FR-Spec (FR-Spec: Accelerating Large-Vocabulary Language Models via Frequency-Ranked Speculative Sampling, Feb 20, 2025) is a systems optimization for speculative decoding, not a new drafter architecture. Its starting point is popularity bias. Tokens do not occur uniformly. In the paper's SlimPajama sample with the Llama-3-8B tokenizer, 75% of vocabulary tokens account for less than 5% of token occurrences. That long tail makes the full vocabulary expensive to support inside a tiny drafter.

For deep target models, the LM head is usually little $o$ . Dozens of Transformer layers dominate the cost. For tiny drafters, especially one-layer systems like EAGLE, that flips. The drafter has almost no backbone, so projecting into a 128k-token vocabulary and running softmax can become big $O$ .

The solution is to train or run the EAGLE-style drafter against only popular tokens. You lose a small amount of accepted length because the drafter cannot propose rare tokens, but rare tokens are exactly where it was unlikely to be reliable anyway. In exchange, the draft step gets materially faster. If the LM head is 40% of draft latency and FR-Spec makes it 3x faster, Amdahl's law gives:

$S = \frac{1}{0.6 + \frac{0.4}{3}} \approx 1.36\times$

In practice, choose the draft vocabulary from production data. A reasonable starting point is the smallest frequency-ranked vocabulary that covers the desired cumulative token-occurrence mass, then validate accepted length on production traces. This is aggressive enough to shrink the drafter's embedding and LM head, but not so aggressive that you lose common tokens the drafter could have proposed. FR-Spec is especially strong in narrow domains. If your workload mostly uses a tiny vocabulary slice, you can cut the draft vocabulary far below the generic frequent-token set and get more extreme speedups. The sweet spot is domain-specific traffic, lightweight drafter, large target vocabulary, and enough repetition that rare-token coverage is not worth paying for on every draft step.

EAGLE 3 — Direct Token Drafter With Multi Layer Features

EAGLE-3 (EAGLE-3: Scaling up Inference Acceleration of Large Language Models via Training-Time Test, Mar 3, 2025) is the "scale the drafter" version of EAGLE. EAGLE-1 shows that a small draft model can follow the target model's hidden-state dynamics. EAGLE-2 shows how to spend the verification tree budget dynamically. EAGLE-3 asks why adding much more training data does not keep improving EAGLE-2, and identifies feature prediction itself as the bottleneck.

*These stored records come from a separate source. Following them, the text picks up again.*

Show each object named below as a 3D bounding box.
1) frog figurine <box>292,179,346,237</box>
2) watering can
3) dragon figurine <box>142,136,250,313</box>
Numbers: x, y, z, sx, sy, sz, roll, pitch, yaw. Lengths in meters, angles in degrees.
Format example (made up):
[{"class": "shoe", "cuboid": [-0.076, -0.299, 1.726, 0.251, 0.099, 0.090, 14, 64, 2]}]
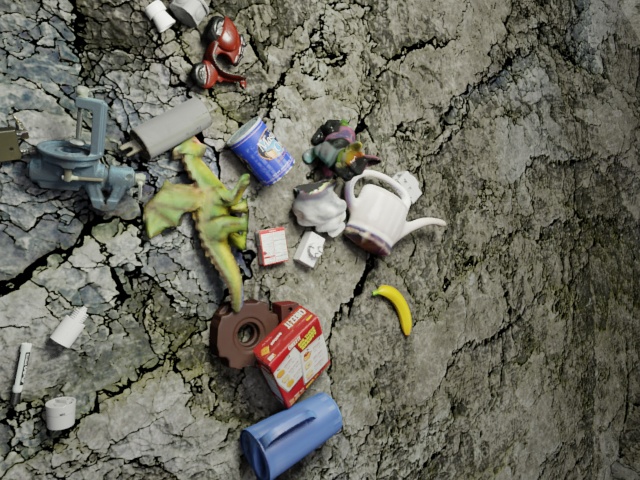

The problem is that future hidden features are a hard training target. They are high-dimensional, continuous, and not uniquely determined by the future token sequence. Predicting them is useful, but it constrains the drafter to solve a difficult feature-regression problem before it can do the thing we actually care about, which is proposing tokens that survive verification. This is why scaling training data gives limited returns in earlier EAGLE versions.

EAGLE-3 removes that bottleneck by switching to token-level supervision. Instead of forcing the draft output to match the target model's next feature, it only needs that output to produce the right token distribution through the LM head. It still uses the shifted sampled-token embedding, like EAGLE-1, but it no longer relies only on the top hidden state of the target model. The drafter concatenates target features from low, middle, and high layers and projects them with an FC layer into a fused feature, so it can read both local/token-level information and more semantic/high-level information from the target.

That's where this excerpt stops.